Important Additional Information
On January 24, 2025, the Company filed a Management Information and Proxy Circular (as may be amended or supplemented from time to time, the 'Circular') and WHITE Proxy Card with the SEC and on the System for Electronic Document Analysis and Retrieval ('SEDAR+') in connection with its solicitation of proxies in support of four director candidates to the Board at the 2025 annual general meeting of shareholders of the Company to be held on March 17, 2025 (including any adjournments, reschedulings, continuations or postponements thereof, the 'Meeting').
On January 25, 2025, the Company received a letter pursuant to Rule 14a-19(b) under the Securities Exchange Act of 1934, as amended (the 'Exchange Act'), from KWM purporting to provide notice of KWM's intent to solicit proxies in support of four director candidates in opposition to the Company's four director candidates. In addition to satisfying the SEC's universal proxy rules, KWM must also comply with the advance notice requirements under the Company's Articles (the 'Advance Notice Policy') in order to nominate a candidate for election to the Board. At this time, the Company has not received a timely, valid and compliant notice pursuant to both U.S. securities laws and the Advance Notice Policy. In the event that the Company determines that is has received a timely, valid and compliant notice under the U.S. securities laws and the Advance Notice Policy, then the Company will file revised proxy materials, including a new proxy circular and new WHITE Universal Proxy Card, with the SEC and SEDAR+ in connection with the Meeting. If necessary, shareholders will be able to obtain the new proxy circular, any amendments or supplements to the new proxy circular and other documents filed by the Company with the SEC and SEDAR+ at no charge at the SEC's website at www.sec.gov and on SEDAR+ at www.sedarplus.com. Copies will also be available at no charge at the Company's website at https://quipthomemedical.com/sec-filings/.
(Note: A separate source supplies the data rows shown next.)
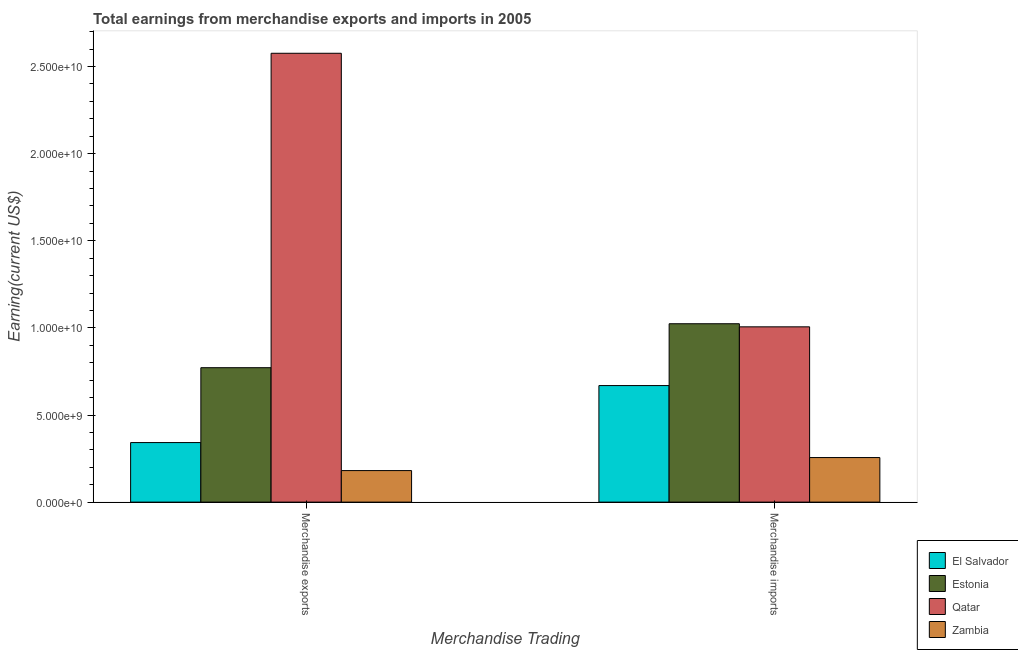How many groups of bars are there?
Your response must be concise. 2. Are the number of bars per tick equal to the number of legend labels?
Give a very brief answer. Yes. How many bars are there on the 2nd tick from the left?
Your answer should be very brief. 4. How many bars are there on the 2nd tick from the right?
Provide a succinct answer. 4. What is the earnings from merchandise exports in El Salvador?
Offer a terse response. 3.42e+09. Across all countries, what is the maximum earnings from merchandise imports?
Your answer should be very brief. 1.02e+1. Across all countries, what is the minimum earnings from merchandise exports?
Ensure brevity in your answer.  1.81e+09. In which country was the earnings from merchandise exports maximum?
Your answer should be very brief. Qatar. In which country was the earnings from merchandise imports minimum?
Your answer should be compact. Zambia. What is the total earnings from merchandise imports in the graph?
Keep it short and to the point. 2.95e+1. What is the difference between the earnings from merchandise exports in Estonia and that in Zambia?
Your answer should be very brief. 5.91e+09. What is the difference between the earnings from merchandise exports in Qatar and the earnings from merchandise imports in El Salvador?
Your answer should be compact. 1.91e+1. What is the average earnings from merchandise exports per country?
Ensure brevity in your answer.  9.68e+09. What is the difference between the earnings from merchandise exports and earnings from merchandise imports in El Salvador?
Offer a very short reply. -3.27e+09. What is the ratio of the earnings from merchandise imports in Zambia to that in Estonia?
Your response must be concise. 0.25. In how many countries, is the earnings from merchandise exports greater than the average earnings from merchandise exports taken over all countries?
Ensure brevity in your answer.  1. What does the 1st bar from the left in Merchandise imports represents?
Give a very brief answer. El Salvador. What does the 1st bar from the right in Merchandise imports represents?
Provide a short and direct response. Zambia. How many bars are there?
Provide a succinct answer. 8. Are all the bars in the graph horizontal?
Offer a terse response. No. How many countries are there in the graph?
Your answer should be very brief. 4. What is the difference between two consecutive major ticks on the Y-axis?
Make the answer very short. 5.00e+09. Does the graph contain any zero values?
Make the answer very short. No. How are the legend labels stacked?
Provide a succinct answer. Vertical. What is the title of the graph?
Offer a very short reply. Total earnings from merchandise exports and imports in 2005. What is the label or title of the X-axis?
Keep it short and to the point. Merchandise Trading. What is the label or title of the Y-axis?
Provide a short and direct response. Earning(current US$). What is the Earning(current US$) in El Salvador in Merchandise exports?
Offer a very short reply. 3.42e+09. What is the Earning(current US$) in Estonia in Merchandise exports?
Provide a succinct answer. 7.72e+09. What is the Earning(current US$) in Qatar in Merchandise exports?
Provide a short and direct response. 2.58e+1. What is the Earning(current US$) in Zambia in Merchandise exports?
Keep it short and to the point. 1.81e+09. What is the Earning(current US$) of El Salvador in Merchandise imports?
Your response must be concise. 6.69e+09. What is the Earning(current US$) in Estonia in Merchandise imports?
Provide a succinct answer. 1.02e+1. What is the Earning(current US$) in Qatar in Merchandise imports?
Give a very brief answer. 1.01e+1. What is the Earning(current US$) in Zambia in Merchandise imports?
Give a very brief answer. 2.56e+09. Across all Merchandise Trading, what is the maximum Earning(current US$) of El Salvador?
Ensure brevity in your answer.  6.69e+09. Across all Merchandise Trading, what is the maximum Earning(current US$) of Estonia?
Your answer should be very brief. 1.02e+1. Across all Merchandise Trading, what is the maximum Earning(current US$) of Qatar?
Your response must be concise. 2.58e+1. Across all Merchandise Trading, what is the maximum Earning(current US$) of Zambia?
Make the answer very short. 2.56e+09. Across all Merchandise Trading, what is the minimum Earning(current US$) in El Salvador?
Your answer should be compact. 3.42e+09. Across all Merchandise Trading, what is the minimum Earning(current US$) in Estonia?
Provide a short and direct response. 7.72e+09. Across all Merchandise Trading, what is the minimum Earning(current US$) of Qatar?
Give a very brief answer. 1.01e+1. Across all Merchandise Trading, what is the minimum Earning(current US$) of Zambia?
Ensure brevity in your answer.  1.81e+09. What is the total Earning(current US$) of El Salvador in the graph?
Keep it short and to the point. 1.01e+1. What is the total Earning(current US$) in Estonia in the graph?
Offer a very short reply. 1.80e+1. What is the total Earning(current US$) of Qatar in the graph?
Ensure brevity in your answer.  3.58e+1. What is the total Earning(current US$) of Zambia in the graph?
Keep it short and to the point. 4.37e+09. What is the difference between the Earning(current US$) of El Salvador in Merchandise exports and that in Merchandise imports?
Your response must be concise. -3.27e+09. What is the difference between the Earning(current US$) in Estonia in Merchandise exports and that in Merchandise imports?
Your answer should be very brief. -2.52e+09. What is the difference between the Earning(current US$) in Qatar in Merchandise exports and that in Merchandise imports?
Ensure brevity in your answer.  1.57e+1. What is the difference between the Earning(current US$) of Zambia in Merchandise exports and that in Merchandise imports?
Keep it short and to the point. -7.48e+08. What is the difference between the Earning(current US$) in El Salvador in Merchandise exports and the Earning(current US$) in Estonia in Merchandise imports?
Keep it short and to the point. -6.82e+09. What is the difference between the Earning(current US$) of El Salvador in Merchandise exports and the Earning(current US$) of Qatar in Merchandise imports?
Provide a succinct answer. -6.64e+09. What is the difference between the Earning(current US$) in El Salvador in Merchandise exports and the Earning(current US$) in Zambia in Merchandise imports?
Make the answer very short. 8.60e+08. What is the difference between the Earning(current US$) in Estonia in Merchandise exports and the Earning(current US$) in Qatar in Merchandise imports?
Give a very brief answer. -2.35e+09. What is the difference between the Earning(current US$) in Estonia in Merchandise exports and the Earning(current US$) in Zambia in Merchandise imports?
Provide a short and direct response. 5.16e+09. What is the difference between the Earning(current US$) of Qatar in Merchandise exports and the Earning(current US$) of Zambia in Merchandise imports?
Your response must be concise. 2.32e+1. What is the average Earning(current US$) in El Salvador per Merchandise Trading?
Offer a terse response. 5.05e+09. What is the average Earning(current US$) in Estonia per Merchandise Trading?
Your answer should be very brief. 8.98e+09. What is the average Earning(current US$) in Qatar per Merchandise Trading?
Provide a succinct answer. 1.79e+1. What is the average Earning(current US$) of Zambia per Merchandise Trading?
Your response must be concise. 2.18e+09. What is the difference between the Earning(current US$) in El Salvador and Earning(current US$) in Estonia in Merchandise exports?
Keep it short and to the point. -4.30e+09. What is the difference between the Earning(current US$) in El Salvador and Earning(current US$) in Qatar in Merchandise exports?
Your answer should be very brief. -2.23e+1. What is the difference between the Earning(current US$) of El Salvador and Earning(current US$) of Zambia in Merchandise exports?
Keep it short and to the point. 1.61e+09. What is the difference between the Earning(current US$) in Estonia and Earning(current US$) in Qatar in Merchandise exports?
Your answer should be very brief. -1.80e+1. What is the difference between the Earning(current US$) of Estonia and Earning(current US$) of Zambia in Merchandise exports?
Offer a terse response. 5.91e+09. What is the difference between the Earning(current US$) in Qatar and Earning(current US$) in Zambia in Merchandise exports?
Offer a very short reply. 2.40e+1. What is the difference between the Earning(current US$) of El Salvador and Earning(current US$) of Estonia in Merchandise imports?
Offer a terse response. -3.55e+09. What is the difference between the Earning(current US$) in El Salvador and Earning(current US$) in Qatar in Merchandise imports?
Ensure brevity in your answer.  -3.37e+09. What is the difference between the Earning(current US$) of El Salvador and Earning(current US$) of Zambia in Merchandise imports?
Your answer should be very brief. 4.13e+09. What is the difference between the Earning(current US$) of Estonia and Earning(current US$) of Qatar in Merchandise imports?
Ensure brevity in your answer.  1.77e+08. What is the difference between the Earning(current US$) in Estonia and Earning(current US$) in Zambia in Merchandise imports?
Provide a short and direct response. 7.68e+09. What is the difference between the Earning(current US$) of Qatar and Earning(current US$) of Zambia in Merchandise imports?
Ensure brevity in your answer.  7.50e+09. What is the ratio of the Earning(current US$) of El Salvador in Merchandise exports to that in Merchandise imports?
Provide a short and direct response. 0.51. What is the ratio of the Earning(current US$) of Estonia in Merchandise exports to that in Merchandise imports?
Offer a very short reply. 0.75. What is the ratio of the Earning(current US$) of Qatar in Merchandise exports to that in Merchandise imports?
Your response must be concise. 2.56. What is the ratio of the Earning(current US$) of Zambia in Merchandise exports to that in Merchandise imports?
Your answer should be compact. 0.71. What is the difference between the highest and the second highest Earning(current US$) in El Salvador?
Give a very brief answer. 3.27e+09. What is the difference between the highest and the second highest Earning(current US$) in Estonia?
Provide a short and direct response. 2.52e+09. What is the difference between the highest and the second highest Earning(current US$) of Qatar?
Your answer should be very brief. 1.57e+1. What is the difference between the highest and the second highest Earning(current US$) in Zambia?
Your answer should be compact. 7.48e+08. What is the difference between the highest and the lowest Earning(current US$) of El Salvador?
Your answer should be very brief. 3.27e+09. What is the difference between the highest and the lowest Earning(current US$) of Estonia?
Offer a terse response. 2.52e+09. What is the difference between the highest and the lowest Earning(current US$) in Qatar?
Your response must be concise. 1.57e+1. What is the difference between the highest and the lowest Earning(current US$) in Zambia?
Your answer should be very brief. 7.48e+08.

SHAREHOLDERS OF THE COMPANY ARE STRONGLY ENCOURAGED TO READ THE CIRCULAR, ACCOMPANYING WHITE PROXY CARD AND ALL OTHER RELEVANT DOCUMENTS THAT MAY BE FILED WITH, OR FURNISHED TO, THE SEC AND SEDAR+ (INCLUDING, IF NECESSARY, A NEW PROXY CIRCULAR AND WHITE UNIVERSAL PROXY CARD) CAREFULLY AND IN THEIR ENTIRETY IF AND WHEN THEY BECOME AVAILABLE, AS THEY WILL CONTAIN IMPORTANT INFORMATION ABOUT THE MEETING.
Participant Information
The Company, its directors (Gregory Crawford, Chairman of the Board and Chief Executive Officer, Mark Greenberg, Dr. Kevin A. Carter and Brian J. Wessel) and certain of its executive officers (Hardik Mehta, Chief Financial Officer) are 'participants' (as defined in Section 14(a) of the Exchange Act) in the solicitation of proxies from the Company's shareholders in connection with matters to be considered at the Meeting. Information about the compensation of our non-employee directors and our named executive officers is set forth in the section of the Circular titled 'Executive Compensation,' which commences on page 15 and is available here. Information regarding the participants' holdings of the Company's securities can be found in the section if the Circular titled 'Voting Securities and Principal Holders,' which commences on page 3 and is available here. Updated information regarding the identity of potential participants, and their direct or indirect interests, by security holdings or otherwise, will be set forth in the new proxy circular, if necessary, and in other materials that may be filed with the SEC and SEDAR+ in connection with the Meeting.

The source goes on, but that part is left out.